24/12/2025
Hoy, en Navidad, me llegó esta foto mientras subía mi manquehuito 99. Me llegó de una vecina del barrio de los 80 en una calle de nombre indescifrable.
La miré con calma. Un grupo de niños disfrazados, medio desordenados, medio serios, jugando a ser otros… o mejor dicho, creyéndose completamente el juego. Nadie estaba actuando para la foto. Nadie estaba pensando cómo se veía. Simplemente estaban ahí, presentes, creyendo.
Y mientras bajaba, me pregunté en que estaría cada uno de esos niños y niñas y que quizás lo que más nos cuesta recuperar en estas fechas es la sensación de “volver a ser niños”.
Mas que por nostalgia, por la idea de reconectar con ciertas cualidades que, sin darnos cuenta, fuimos dejando de usar para adaptarnos al mundo adulto.
La capacidad de creer sin tantas garantías.

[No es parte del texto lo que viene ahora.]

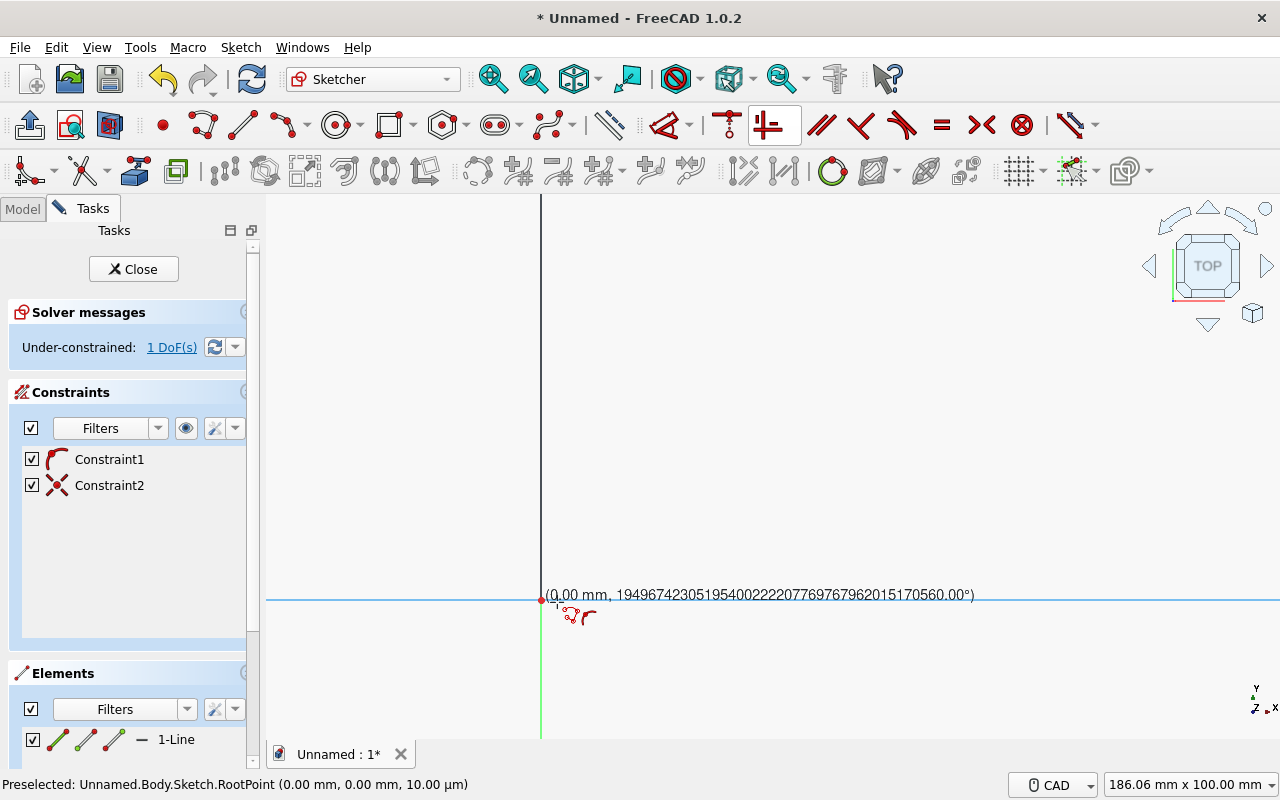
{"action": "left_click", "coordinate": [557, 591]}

La confianza básica en el otro.
El juego como espacio serio para explorar, crear y vincularnos.
La honestidad emocional, sin tanto filtro ni estrategia.
La ternura.
El asombro.
La posibilidad de equivocarnos sin castigarnos por eso.

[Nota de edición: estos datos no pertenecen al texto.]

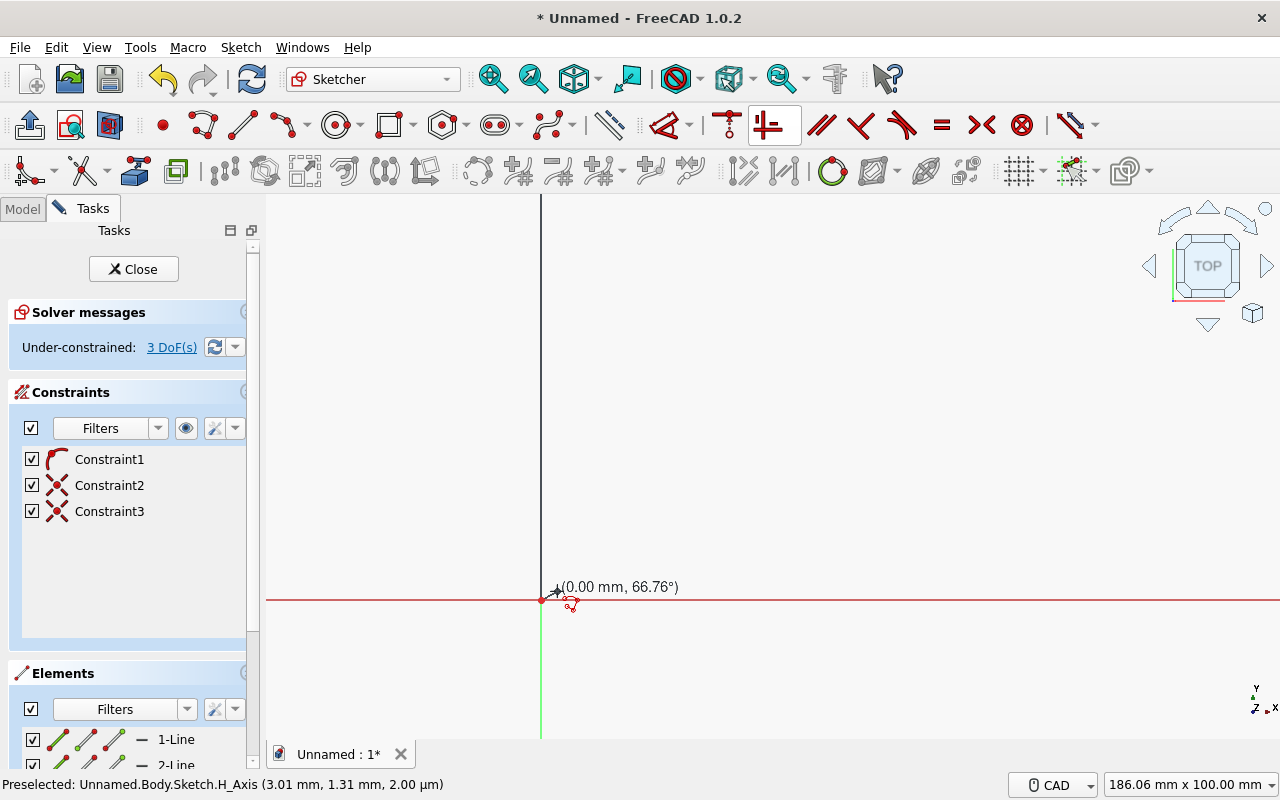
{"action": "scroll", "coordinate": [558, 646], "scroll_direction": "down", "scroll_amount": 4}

Y es que en nuestras relaciones adultas solemos ser muy competentes para protegernos, para anticipar riesgos, para no “exponernos de más”. Pero a veces, en ese intento, también perdemos frescura, presencia y profundidad en el encuentro con otros.

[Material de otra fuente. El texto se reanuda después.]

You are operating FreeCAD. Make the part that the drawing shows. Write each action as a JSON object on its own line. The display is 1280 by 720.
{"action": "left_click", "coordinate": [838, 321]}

Para mí, Navidad es una buena excusa para detenerse y preguntarse eso:
¿Qué parte mía sigue disponible para creer, para confiar, para jugar, para relacionarse desde un lugar más simple y más humano?
Volver a ser niños no es volver atrás.
Es recordar algo esencial que todavía está ahí, esperando ser usado de nuevo.
A todos los que leen por aquí les deseo una feliz Navidad, que disfruten de una noche de ser niños y maravíllense con lo simple.
Especiales saludos a la Vicky, el Thomas, Marcela, Pedrito, mi hermano Álvaro que aparecen en la foto y también a los demás amigos del barrio: la Dani, el Juano, Juan Pablo, el Picho, Rodrigo, Gonzalo y Andrés.